Disclosure of Invention

The invention aims to provide an intelligent binding method for facial images, which aims to solve the technical problems that the authenticity of facial expression binding in the prior art is reduced, and the facial expression binding in game animation has a clamping effect.

In order to solve the technical problems, the invention specifically provides the following technical scheme:

an intelligent binding method for facial images comprises the following steps:

acquiring a face video, wherein the face video comprises a group of first face images connected according to time sequence;

Obtaining a group of second face images through a time sequence prediction network according to the group of first face images, wherein each second face image is positioned at the time sequence of each first face image, the second face images correspond to the time sequence prediction result of the group of first face images, and the time sequence prediction network is a neural network;

Performing feature extraction on the first face image and the second face image at each time sequence through a feature extraction network, and correspondingly obtaining binding face features at each time sequence, wherein the feature extraction network is a neural network;

carrying out facial image analysis on the binding facial features at each time sequence position through a facial image restoration model to obtain a third facial image, wherein the facial image restoration model is a neural network;

Carrying out facial image binding parameter measurement according to the third facial image at each time sequence through a parameter measurement network to obtain facial image binding parameters at each time sequence, wherein the parameter measurement network is a neural network, the facial image binding parameters correspond to Blender Shape binding parameters applied to a FLAME facial model, and the FLAME facial model is used for realizing automatic binding of the facial model to the facial image according to the Blender Shape binding parameters.

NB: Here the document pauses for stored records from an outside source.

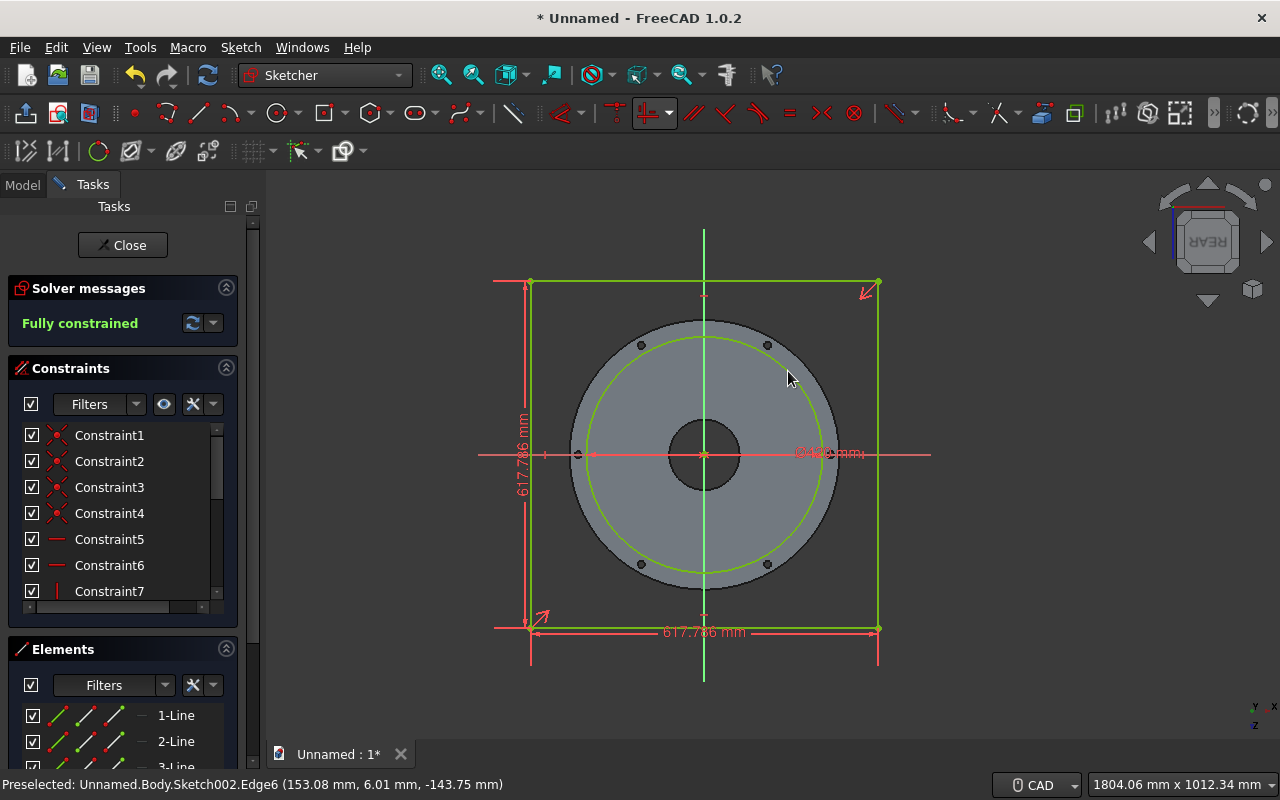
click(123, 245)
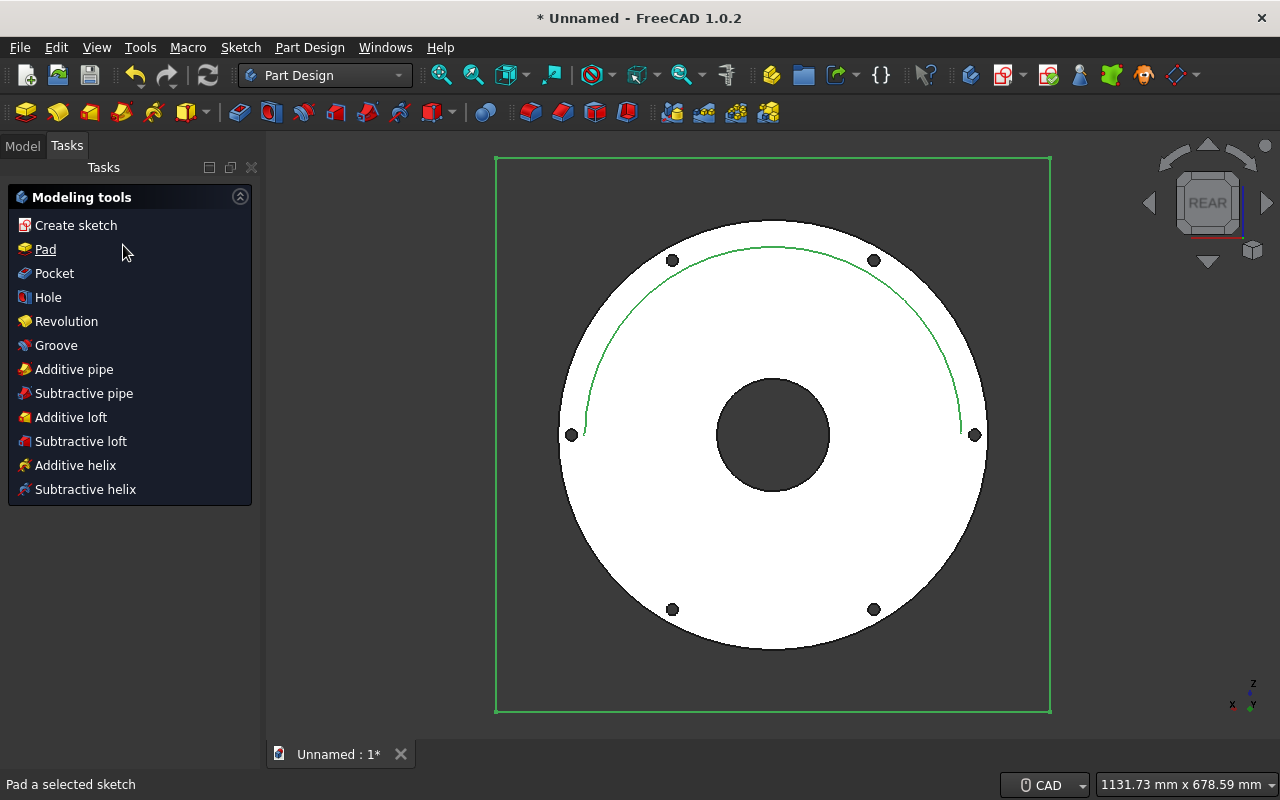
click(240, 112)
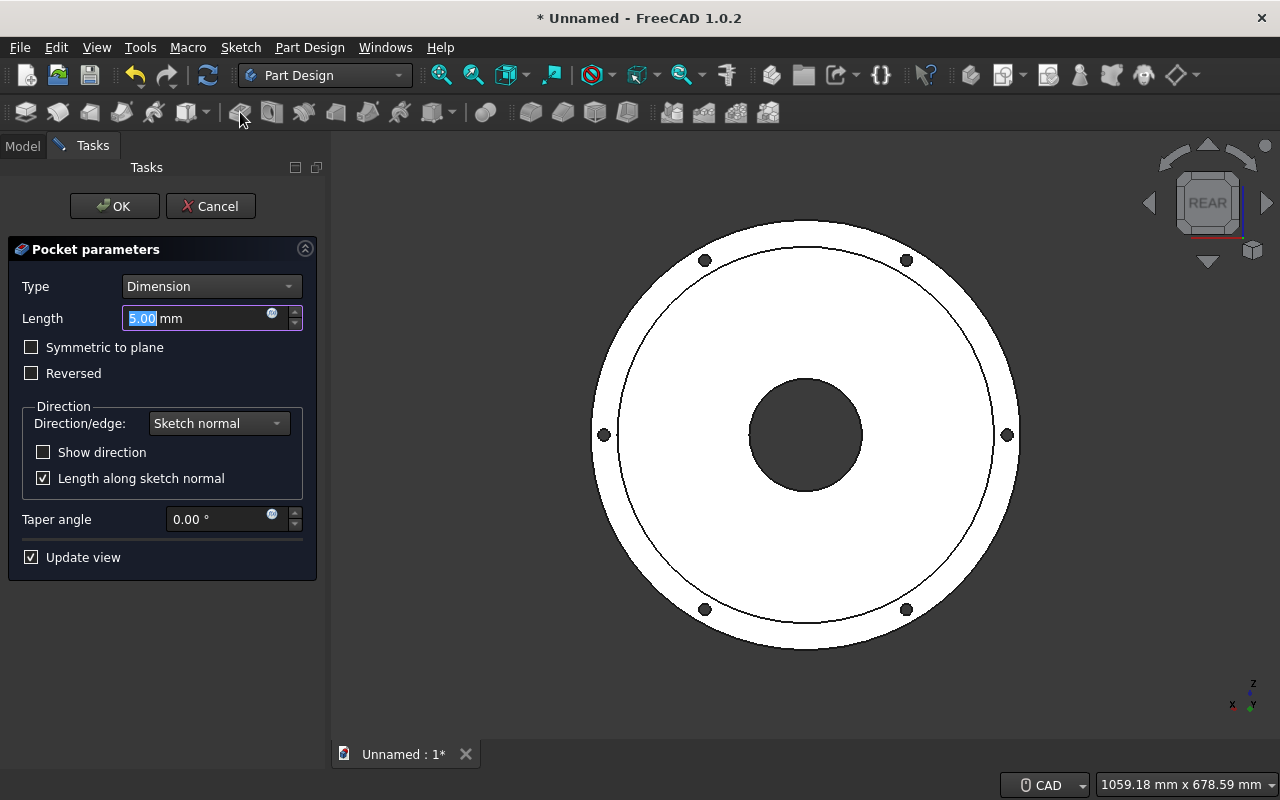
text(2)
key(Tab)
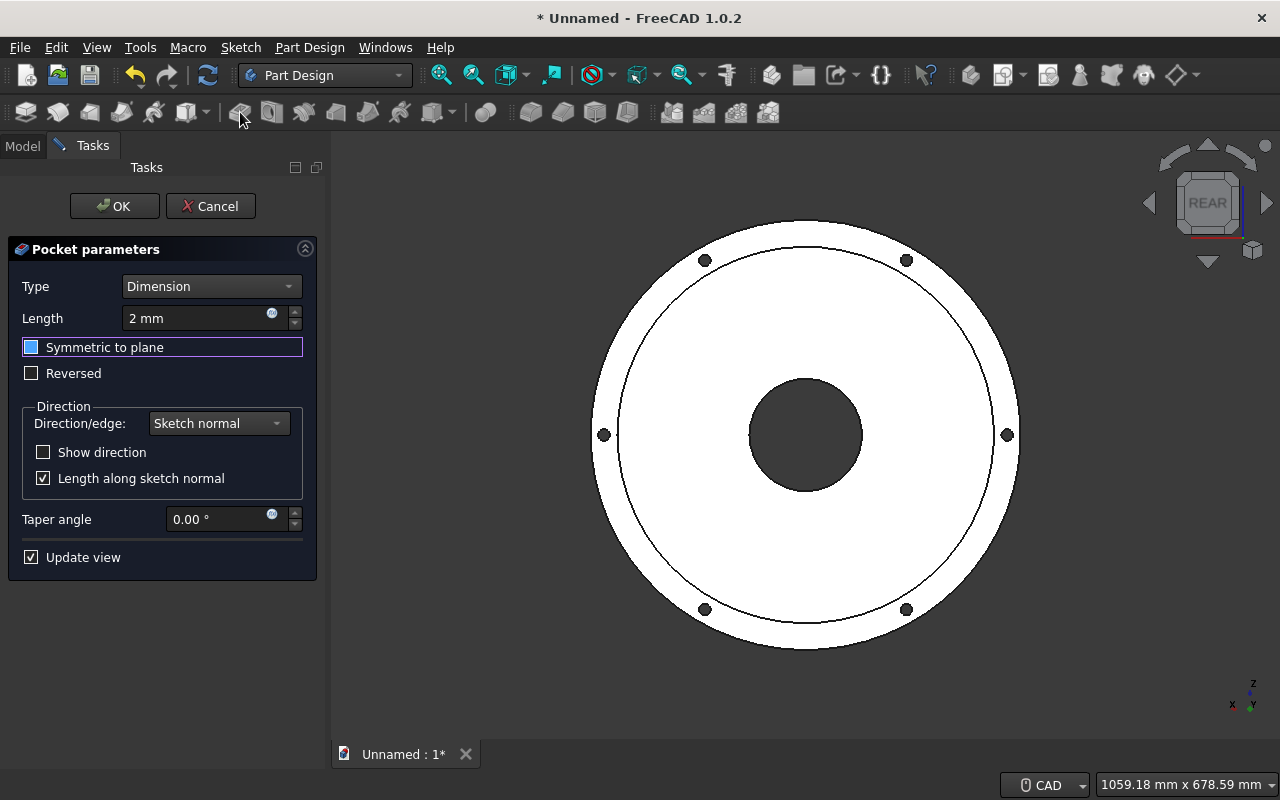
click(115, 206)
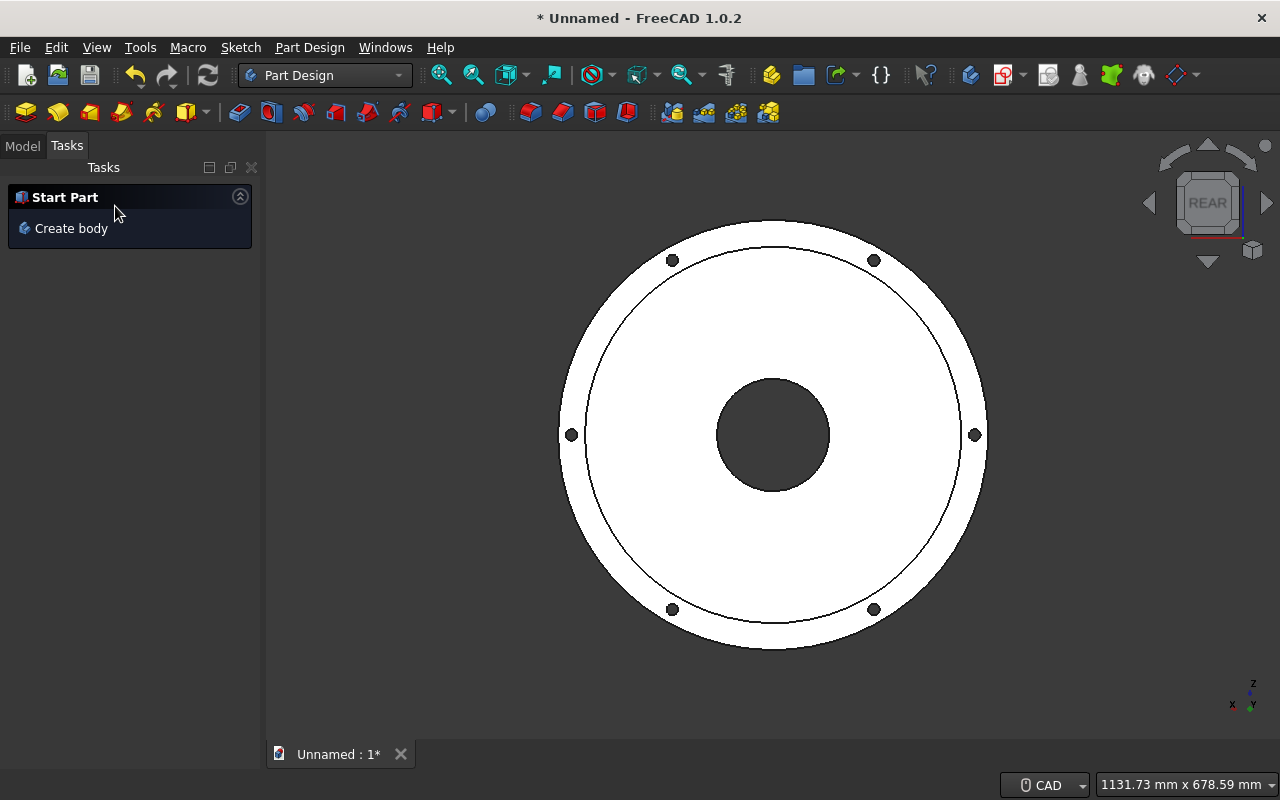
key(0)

As a preferred embodiment of the present invention, obtaining a set of second face images through a time-series prediction network according to a set of first face images includes:

acquiring a time sequence of each first face image, and sequentially taking the time sequence as a prediction time sequence;

Deep learning is carried out on each first face facial image positioned at a pre-time sequence of the prediction time sequence by utilizing an LSTM network, so that a time sequence prediction model of a second face facial image at the prediction time sequence is obtained;

And predicting the second face image at each prediction time sequence by using a time sequence prediction model at each prediction time sequence to obtain a group of second face images.

As a preferred embodiment of the present invention, the expression of the time sequence prediction network is:

G2_t＝LSTM({G1₁,G1₂,G1₃,…,G1_t-1})；

t∈[3,N]；

G2₁＝G1₁,G2₂＝G1₂；

Wherein, G2 _t is the second face image at the t-th time sequence, G1 ₁,G1₂,G1₃,…,G1_t-1 is the first face image at the 1,2,3, t-1 time sequences respectively, N is the total number of time sequences in the face video, G2 ₁ is the second face image at the 1 st time sequence, G2 ₂ is the second face image at the 2 nd time sequence, and t is the counting variable.

As a preferred solution of the present invention, feature extraction is performed on a first face image and a second face image at each time sequence through a feature extraction network, so as to obtain binding face features at each time sequence, including:

The first face facial image and the second face facial image at each time sequence are simultaneously input into a feature extraction network, and the feature extraction network outputs the binding facial features at each time sequence.

As a preferred embodiment of the present invention, the construction of the feature extraction network includes:

Randomly selecting a first face image and a second face image at a plurality of time sequences to serve as a first sample image and a second sample image respectively;

Inputting the first sample image at each timing to a first CNN neural network, outputting facial features of the first sample image by the first CNN neural network;

Inputting the second sample image at each time sequence to a second CNN neural network, outputting facial features of the second sample image by the second CNN neural network;

taking the difference between the facial features of the first sample image and the facial features of the second sample image as a loss function;

Based on the minimization of the loss function, learning and training the first CNN neural network and the second CNN neural network to obtain the feature extraction network;

The expression of the feature extraction network is as follows:

H3_t＝H1_torH2_t；

Loss＝MSE(H1_t,H2_t)；

Where H3 _t is the binding facial feature at the t-th time, H1 _t is the facial feature of the first sample image at the t-th time, H2 _t is the facial feature of the second sample image at the t-th time, G1 _t is the first sample image at the t-th time, G2 _t is the second sample image at the t-th time, CNN1 is the first CNN neural network, CNN 2 is the second CNN neural network, loss is the Loss function value, MSE (H1 _t,H2_t) is the mean square error between H1 _t and H2 _t, t is the count variable, or is the mathematical identifier of either.

As a preferred scheme of the invention, the facial image analysis is carried out on the binding facial features at each time sequence position through a facial image restoration model to obtain a third facial image, which comprises the following steps:

The bound facial features at each timing are input to a facial image restoration model, and a third facial image at each timing is output by the facial image restoration model.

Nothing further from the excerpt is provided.